Saved data entries:
=== Section Start ===

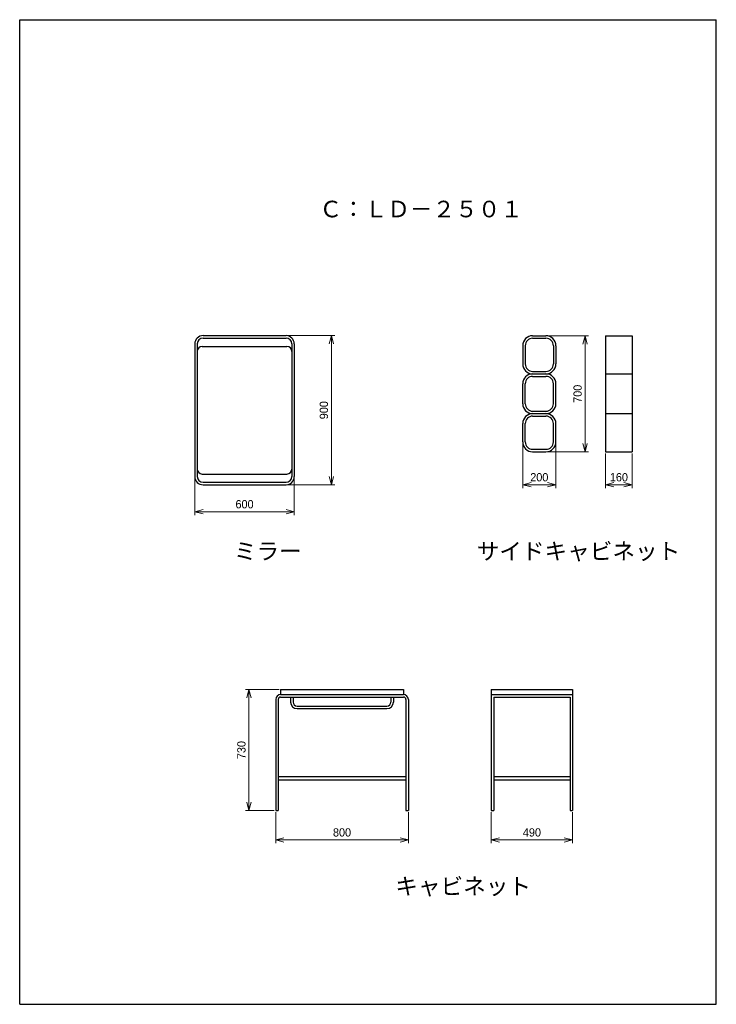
# Model space of a CAD drawing. Header units: millimetres. Extents: x 0 to 4200, y 0 to 5940.
import ezdxf

# ---------------------------------------------------------------- set-up
doc = ezdxf.new("R2010")
doc.units = ezdxf.units.MM
doc.header["$LTSCALE"] = 0.3
doc.layers.add('寸法', color=2, linetype='Continuous', lineweight=18)
doc.styles.add('MS Pゴシック', font='txt')
doc.dimstyles.new('コピー ～ MyDim S＝', dxfattribs={"dimscale": 20, "dimtxt": 2.5, "dimasz": 2.5, "dimexe": 1, "dimexo": 0.5, "dimgap": 1, "dimtad": 3, "dimdsep": 46, "dimtxsty": 'MS Pゴシック', "dimblk": 'OPEN30', "dimcen": 0, "dimclrd": 256, "dimclre": 256, "dimclrt": 256, "dimazin": 2, "dimtfac": 1, "dimtmove": 0, "dimatfit": 3, "dimldrblk": 'OPEN30', "dimfxl": 1, "dimlwd": 18, "dimlwe": 18, "dimarcsym": 0})

# ---------------------------------------------------------------- blocks, each defined once
blk = doc.blocks.new('_Open30')
at = {"color": 0, "lineweight": -2}
for p, q in [((-1, 0.27), (0, 0)), ((0, 0), (-1, -0.27)), ((0, 0), (-1, 0))]:
    blk.add_line(p, q, dxfattribs=at)
blk = doc.blocks.new('*D21')
at = {"layer": 'Defpoints', "color": 0, "transparency": 16777216}
for p in [(1573.4, 1898.7), (1382, 1168.7), (1543.4, 1168.7)]:
    blk.add_point(p, dxfattribs=at)
at = {"layer": '寸法', "lineweight": 18, "transparency": 16777216}
for p, q in [((1563.4, 1898.7), (1362, 1898.7)), ((1382, 1848.7), (1382, 1218.7)), ((1533.4, 1168.7), (1362, 1168.7))]:
    blk.add_line(p, q, dxfattribs=at)
at = {"layer": '寸法', "lineweight": 18, "transparency": 16777216, "xscale": 50, "yscale": 50, "zscale": 50}
for p, rotation in [((1382, 1898.7), 90), ((1382, 1168.7), 270)]:
    blk.add_blockref('_Open30', p, dxfattribs=dict(at, rotation=rotation))
at = {"layer": '寸法', "transparency": 16777216, "insert": (1337, 1533.7), "char_height": 50, "attachment_point": 5, "rotation": 90, "style": 'MS Pゴシック'}
blk.add_mtext('730', dxfattribs=at)
blk = doc.blocks.new('*D22')
at = {"layer": 'Defpoints', "color": 0, "transparency": 16777216}
for p in [(1543.4, 1168.7), (2343.4, 1168.7), (2343.4, 991.6)]:
    blk.add_point(p, dxfattribs=at)
at = {"layer": '寸法', "lineweight": 18, "transparency": 16777216}
for p, q in [((1543.4, 1158.7), (1543.4, 971.6)), ((2343.4, 1158.7), (2343.4, 971.6)), ((1593.4, 991.6), (2293.4, 991.6))]:
    blk.add_line(p, q, dxfattribs=at)
at = {"layer": '寸法', "lineweight": 18, "transparency": 16777216, "xscale": 50, "yscale": 50, "zscale": 50, "rotation": 180}
blk.add_blockref('_Open30', (1543.4, 991.6), dxfattribs=at)
at = {"layer": '寸法', "lineweight": 18, "transparency": 16777216, "xscale": 50, "yscale": 50, "zscale": 50}
blk.add_blockref('_Open30', (2343.4, 991.6), dxfattribs=at)
at = {"layer": '寸法', "transparency": 16777216, "insert": (1943.4, 1036.6), "char_height": 50, "attachment_point": 5, "style": 'MS Pゴシック'}
blk.add_mtext('800', dxfattribs=at)
blk = doc.blocks.new('*D23')
at = {"layer": 'Defpoints', "color": 0, "transparency": 16777216}
for p in [(2843.4, 1168.7), (3333.4, 1168.7), (3333.4, 991.6)]:
    blk.add_point(p, dxfattribs=at)
at = {"layer": '寸法', "lineweight": 18, "transparency": 16777216}
for p, q in [((2843.4, 1158.7), (2843.4, 971.6)), ((3333.4, 1158.7), (3333.4, 971.6)), ((2893.4, 991.6), (3283.4, 991.6))]:
    blk.add_line(p, q, dxfattribs=at)
at = {"layer": '寸法', "lineweight": 18, "transparency": 16777216, "xscale": 50, "yscale": 50, "zscale": 50, "rotation": 180}
blk.add_blockref('_Open30', (2843.4, 991.6), dxfattribs=at)
at = {"layer": '寸法', "lineweight": 18, "transparency": 16777216, "xscale": 50, "yscale": 50, "zscale": 50}
blk.add_blockref('_Open30', (3333.4, 991.6), dxfattribs=at)
at = {"layer": '寸法', "transparency": 16777216, "insert": (3088.4, 1036.6), "char_height": 50, "attachment_point": 5, "style": 'MS Pゴシック'}
blk.add_mtext('490', dxfattribs=at)
blk = doc.blocks.new('*D24')
at = {"layer": 'Defpoints', "color": 0, "transparency": 16777216}
for p in [(1055.6, 3184.1), (1655.6, 3184.1), (1655.6, 2971.7)]:
    blk.add_point(p, dxfattribs=at)
at = {"layer": '寸法', "lineweight": 18, "transparency": 16777216}
for p, q in [((1055.6, 3174.1), (1055.6, 2951.7)), ((1655.6, 3174.1), (1655.6, 2951.7)), ((1105.6, 2971.7), (1605.6, 2971.7))]:
    blk.add_line(p, q, dxfattribs=at)
at = {"layer": '寸法', "lineweight": 18, "transparency": 16777216, "xscale": 50, "yscale": 50, "zscale": 50, "rotation": 180}
blk.add_blockref('_Open30', (1055.6, 2971.7), dxfattribs=at)
at = {"layer": '寸法', "lineweight": 18, "transparency": 16777216, "xscale": 50, "yscale": 50, "zscale": 50}
blk.add_blockref('_Open30', (1655.6, 2971.7), dxfattribs=at)
at = {"layer": '寸法', "transparency": 16777216, "insert": (1355.6, 3016.7), "char_height": 50, "attachment_point": 5, "style": 'MS Pゴシック'}
blk.add_mtext('600', dxfattribs=at)
blk = doc.blocks.new('*D25')
at = {"layer": 'Defpoints', "color": 0, "transparency": 16777216}
for p in [(1605.6, 4034.1), (1605.6, 3134.1), (1879.2, 3134.1)]:
    blk.add_point(p, dxfattribs=at)
at = {"layer": '寸法', "lineweight": 18, "transparency": 16777216}
for p, q in [((1615.6, 4034.1), (1899.2, 4034.1)), ((1879.2, 3984.1), (1879.2, 3184.1)), ((1615.6, 3134.1), (1899.2, 3134.1))]:
    blk.add_line(p, q, dxfattribs=at)
at = {"layer": '寸法', "lineweight": 18, "transparency": 16777216, "xscale": 50, "yscale": 50, "zscale": 50}
for p, rotation in [((1879.2, 4034.1), 90), ((1879.2, 3134.1), 270)]:
    blk.add_blockref('_Open30', p, dxfattribs=dict(at, rotation=rotation))
at = {"layer": '寸法', "transparency": 16777216, "insert": (1834.2, 3584.1), "char_height": 50, "attachment_point": 5, "rotation": 90, "style": 'MS Pゴシック'}
blk.add_mtext('900', dxfattribs=at)
blk = doc.blocks.new('*D26')
at = {"layer": 'Defpoints', "color": 0, "transparency": 16777216}
for p in [(3032.8, 3393.3), (3232.8, 3393.3), (3232.8, 3134.4)]:
    blk.add_point(p, dxfattribs=at)
at = {"layer": '寸法', "lineweight": 18, "transparency": 16777216}
for p, q in [((3032.8, 3383.3), (3032.8, 3114.4)), ((3232.8, 3383.3), (3232.8, 3114.4)), ((3082.8, 3134.4), (3182.8, 3134.4))]:
    blk.add_line(p, q, dxfattribs=at)
at = {"layer": '寸法', "lineweight": 18, "transparency": 16777216, "xscale": 50, "yscale": 50, "zscale": 50, "rotation": 180}
blk.add_blockref('_Open30', (3032.8, 3134.4), dxfattribs=at)
at = {"layer": '寸法', "lineweight": 18, "transparency": 16777216, "xscale": 50, "yscale": 50, "zscale": 50}
blk.add_blockref('_Open30', (3232.8, 3134.4), dxfattribs=at)
at = {"layer": '寸法', "transparency": 16777216, "insert": (3132.8, 3179.4), "char_height": 50, "attachment_point": 5, "style": 'MS Pゴシック'}
blk.add_mtext('200', dxfattribs=at)
blk = doc.blocks.new('*D27')
at = {"layer": 'Defpoints', "color": 0, "transparency": 16777216}
for p in [(3532.8, 3333.3), (3692.8, 3333.3), (3692.8, 3134.4)]:
    blk.add_point(p, dxfattribs=at)
at = {"layer": '寸法', "lineweight": 18, "transparency": 16777216}
for p, q in [((3532.8, 3323.3), (3532.8, 3114.4)), ((3692.8, 3323.3), (3692.8, 3114.4)), ((3582.8, 3134.4), (3642.8, 3134.4))]:
    blk.add_line(p, q, dxfattribs=at)
at = {"layer": '寸法', "lineweight": 18, "transparency": 16777216, "xscale": 50, "yscale": 50, "zscale": 50, "rotation": 180}
blk.add_blockref('_Open30', (3532.8, 3134.4), dxfattribs=at)
at = {"layer": '寸法', "lineweight": 18, "transparency": 16777216, "xscale": 50, "yscale": 50, "zscale": 50}
blk.add_blockref('_Open30', (3692.8, 3134.4), dxfattribs=at)
at = {"layer": '寸法', "transparency": 16777216, "insert": (3612.8, 3179.4), "char_height": 50, "attachment_point": 5, "style": 'MS Pゴシック'}
blk.add_mtext('160', dxfattribs=at)
blk = doc.blocks.new('*D28')
at = {"layer": 'Defpoints', "color": 0, "transparency": 16777216}
for p in [(3172.8, 4033.3), (3172.8, 3333.3), (3408.9, 3333.3)]:
    blk.add_point(p, dxfattribs=at)
at = {"layer": '寸法', "lineweight": 18, "transparency": 16777216}
for p, q in [((3182.8, 4033.3), (3428.9, 4033.3)), ((3408.9, 3983.3), (3408.9, 3383.3)), ((3182.8, 3333.3), (3428.9, 3333.3))]:
    blk.add_line(p, q, dxfattribs=at)
at = {"layer": '寸法', "lineweight": 18, "transparency": 16777216, "xscale": 50, "yscale": 50, "zscale": 50}
for p, rotation in [((3408.9, 4033.3), 90), ((3408.9, 3333.3), 270)]:
    blk.add_blockref('_Open30', p, dxfattribs=dict(at, rotation=rotation))
at = {"layer": '寸法', "transparency": 16777216, "insert": (3363.9, 3683.3), "char_height": 50, "attachment_point": 5, "rotation": 90, "style": 'MS Pゴシック'}
blk.add_mtext('700', dxfattribs=at)

msp = doc.modelspace()

# ---------------------------------------------------------------- linework, layer by layer
at = {"color": 7, "linetype": 'Continuous'}
for p, q in [((1055.606, 3984.149), (1055.606, 3184.149)), ((1070.606, 3984.149), (1070.606, 3184.149)), ((1105.606, 4034.149), (1605.606, 4034.149)), ((1105.606, 4019.149), (1605.606, 4019.149)), ((1640.606, 3984.149), (1640.606, 3184.149)), ((1655.606, 3984.149), (1655.606, 3184.149)), ((3092.787, 4033.281), (3172.787, 4033.281)), ((3092.787, 4018.281), (3172.787, 4018.281)), ((3532.787, 4033.281), (3532.787, 3333.281)), ((3532.787, 4033.281), (3692.787, 4033.281)), ((3692.787, 4033.281), (3692.787, 3333.281)), ((1100.606, 3969.149), (1610.606, 3969.149)), ((3032.787, 3973.281), (3032.787, 3863.281)), ((3047.787, 3973.281), (3047.787, 3863.281)), ((3217.787, 3973.281), (3217.787, 3863.281)), ((3232.787, 3973.281), (3232.787, 3863.281)), ((3092.787, 3818.281), (3172.787, 3818.281)), ((3092.787, 3803.281), (3172.787, 3803.281)), ((3532.787, 3803.281), (3692.787, 3803.281)), ((3032.787, 3623.281), (3032.787, 3743.281)), ((3047.787, 3623.281), (3047.787, 3743.281)), ((3092.787, 3788.281), (3172.787, 3788.281)), ((3217.787, 3623.281), (3217.787, 3743.281)), ((3232.787, 3623.281), (3232.787, 3743.281)), ((3092.787, 3578.281), (3172.787, 3578.281)), ((3092.787, 3563.281), (3172.787, 3563.281)), ((3092.787, 3548.281), (3172.787, 3548.281)), ((3532.787, 3563.281), (3692.787, 3563.281)), ((3032.787, 3393.281), (3032.787, 3503.281)), ((3047.787, 3393.281), (3047.787, 3503.281)), ((3217.787, 3393.281), (3217.787, 3503.281)), ((3232.787, 3393.281), (3232.787, 3503.281)), ((3092.787, 3348.281), (3172.787, 3348.281)), ((3092.787, 3333.281), (3172.787, 3333.281)), ((3532.787, 3333.281), (3692.787, 3333.281)), ((1100.606, 3199.149), (1610.606, 3199.149)), ((1105.606, 3149.149), (1605.606, 3149.149)), ((1105.606, 3134.149), (1605.606, 3134.149)), ((1573.398, 1898.742), (2313.398, 1898.742)), ((1573.398, 1898.742), (1573.398, 1868.742)), ((1573.398, 1868.742), (2313.398, 1868.742)), ((1573.398, 1853.742), (2313.398, 1853.742)), ((1633.398, 1853.742), (1633.398, 1823.742)), ((1648.398, 1853.742), (1648.398, 1823.742)), ((2238.398, 1853.742), (2238.398, 1823.742)), ((2253.398, 1853.742), (2253.398, 1823.742)), ((2313.398, 1898.742), (2313.398, 1868.742)), ((2843.398, 1898.742), (2843.398, 1168.742)), ((2843.398, 1898.742), (3333.398, 1898.742)), ((2843.398, 1868.742), (3333.398, 1868.742)), ((2858.398, 1853.742), (2858.398, 1168.742)), ((2858.398, 1853.742), (3318.398, 1853.742)), ((3318.398, 1853.742), (3318.398, 1168.742)), ((3333.398, 1898.742), (3333.398, 1168.742)), ((1543.398, 1838.742), (1543.398, 1168.742)), ((1558.398, 1838.742), (1558.398, 1168.742)), ((1673.398, 1798.742), (2213.398, 1798.742)), ((1673.398, 1783.742), (2213.398, 1783.742)), ((2328.398, 1838.742), (2328.398, 1168.742)), ((2343.398, 1838.742), (2343.398, 1168.742)), ((1558.398, 1373.742), (2328.398, 1373.742)), ((2858.398, 1373.742), (3318.398, 1373.742)), ((1558.398, 1353.742), (2328.398, 1353.742)), ((2858.398, 1353.742), (3318.398, 1353.742)), ((1543.398, 1168.742), (1558.398, 1168.742)), ((2328.398, 1168.742), (2343.398, 1168.742)), ((2843.398, 1168.742), (2858.398, 1168.742)), ((3318.398, 1168.742), (3333.398, 1168.742))]:
    msp.add_line(p, q, dxfattribs=at)
for centre, radius, start, end in [((1105.606, 3984.149), 50, 89.999997, 179.999995), ((1105.606, 3984.149), 35, 89.999997, 179.999995), ((1605.606, 3984.149), 50, 0, 89.999997), ((1605.606, 3984.149), 35, 0, 89.999997), ((3092.787, 3973.281), 60, 89.999997, 179.999995), ((3092.787, 3973.281), 45, 89.999997, 179.999995), ((3172.787, 3973.281), 60, 0, 89.999997), ((3172.787, 3973.281), 45, 0, 89.999997), ((1100.606, 3939.149), 30, 89.999997, 179.999995), ((1610.606, 3939.149), 30, 0, 89.999997), ((3092.787, 3863.281), 60, 180.000005, 270.000003), ((3092.787, 3863.281), 45, 180.000005, 270.000003), ((3172.787, 3863.281), 60, 270.000003, 0), ((3172.787, 3863.281), 45, 270.000003, 0), ((3092.787, 3743.281), 60, 89.999997, 179.999995), ((3172.787, 3743.281), 60, 0, 89.999997), ((3092.787, 3743.281), 45, 89.999997, 179.999995), ((3172.787, 3743.281), 45, 0, 89.999997), ((3092.787, 3623.281), 60, 180.000005, 270.000003), ((3092.787, 3623.281), 45, 180.000005, 270.000003), ((3172.787, 3623.281), 60, 270.000003, 0), ((3172.787, 3623.281), 45, 270.000003, 0), ((3092.787, 3503.281), 60, 89.999997, 179.999995), ((3092.787, 3503.281), 45, 89.999997, 179.999995), ((3172.787, 3503.281), 60, 0, 89.999997), ((3172.787, 3503.281), 45, 0, 89.999997), ((3092.787, 3393.281), 60, 180.000005, 270.000003), ((3092.787, 3393.281), 45, 180.000005, 270.000003), ((3172.787, 3393.281), 60, 270.000003, 0), ((3172.787, 3393.281), 45, 270.000003, 0), ((1100.606, 3229.149), 30, 180.000005, 270.000003), ((1610.606, 3229.149), 30, 270.000003, 0), ((1105.606, 3184.149), 50, 180.000005, 270.000003), ((1105.606, 3184.149), 35, 180.000005, 270.000003), ((1605.606, 3184.149), 50, 270.000003, 0), ((1605.606, 3184.149), 35, 270.000003, 0), ((1573.398, 1838.742), 30, 89.999997, 179.999995), ((1573.398, 1838.742), 15, 89.999997, 179.999995), ((2313.398, 1838.742), 30, 0, 89.999997), ((2313.398, 1838.742), 15, 0, 89.999997), ((1673.398, 1823.742), 40, 180.000005, 270.000003), ((1673.398, 1823.742), 25, 180.000005, 270.000003), ((2213.398, 1823.742), 40, 270.000003, 0), ((2213.398, 1823.742), 25, 270.000003, 0)]:
    msp.add_arc(centre, radius, start, end, dxfattribs=at)
at = {"layer": 'Defpoints'}
for p, q in [((0, 0), (0, 5940)), ((0, 5940), (4200, 5940)), ((4200, 0), (4200, 5940)), ((0, 0), (4200, 0))]:
    msp.add_line(p, q, dxfattribs=at)

# ---------------------------------------------------------------- texts
at = {"color": 7, "char_height": 100, "attachment_point": 1, "style": 'MS Pゴシック'}
for s, insert in [('Ｃ：ＬＤ－２５０１', (1807.137, 4847.748)), ('サイドキャビネット', (2755.166, 2783.561)), ('ミラー', (1291.343, 2783.561)), ('キャビネット', (2264.638, 762.225))]:
    msp.add_mtext(s, dxfattribs=dict(at, insert=insert))

# ---------------------------------------------------------------- dimensions: what is measured, and where the dimension line sits
at = {"layer": '寸法'}
for base, p1, p2, picture, middle in [((1879.154, 3134.149), (1605.606, 4034.149), (1605.606, 3134.149), '*D25', (1834.154, 3584.149)), ((3408.883, 3333.281), (3172.787, 4033.281), (3172.787, 3333.281), '*D28', (3363.883, 3683.281)), ((1381.96, 1168.742), (1573.398, 1898.742), (1543.398, 1168.742), '*D21', (1336.96, 1533.742))]:
    dim = msp.add_linear_dim(base=base, p1=p1, p2=p2, angle=90, dimstyle='コピー ～ MyDim S＝', dxfattribs=at)
    dim.commit()
    dim.dimension.update_dxf_attribs({"geometry": picture, "text_midpoint": middle})
for base, p1, p2, picture, middle in [((3232.787, 3134.359), (3032.787, 3393.281), (3232.787, 3393.281), '*D26', (3132.787, 3179.359)), ((3692.787, 3134.359), (3532.787, 3333.281), (3692.787, 3333.281), '*D27', (3612.787, 3179.359)), ((1655.606, 2971.666), (1055.606, 3184.149), (1655.606, 3184.149), '*D24', (1355.606, 3016.666)), ((2343.398, 991.601), (1543.398, 1168.742), (2343.398, 1168.742), '*D22', (1943.398, 1036.601)), ((3333.398, 991.601), (2843.398, 1168.742), (3333.398, 1168.742), '*D23', (3088.398, 1036.601))]:
    dim = msp.add_linear_dim(base=base, p1=p1, p2=p2, dimstyle='コピー ～ MyDim S＝', dxfattribs=at)
    dim.commit()
    dim.dimension.update_dxf_attribs({"geometry": picture, "text_midpoint": middle})

doc.saveas('drawing.dxf')

=== Section End ===

### What needs to be done
Please report how many lines in the records above contain the word "units", and give nothing but the number.

### Response area
2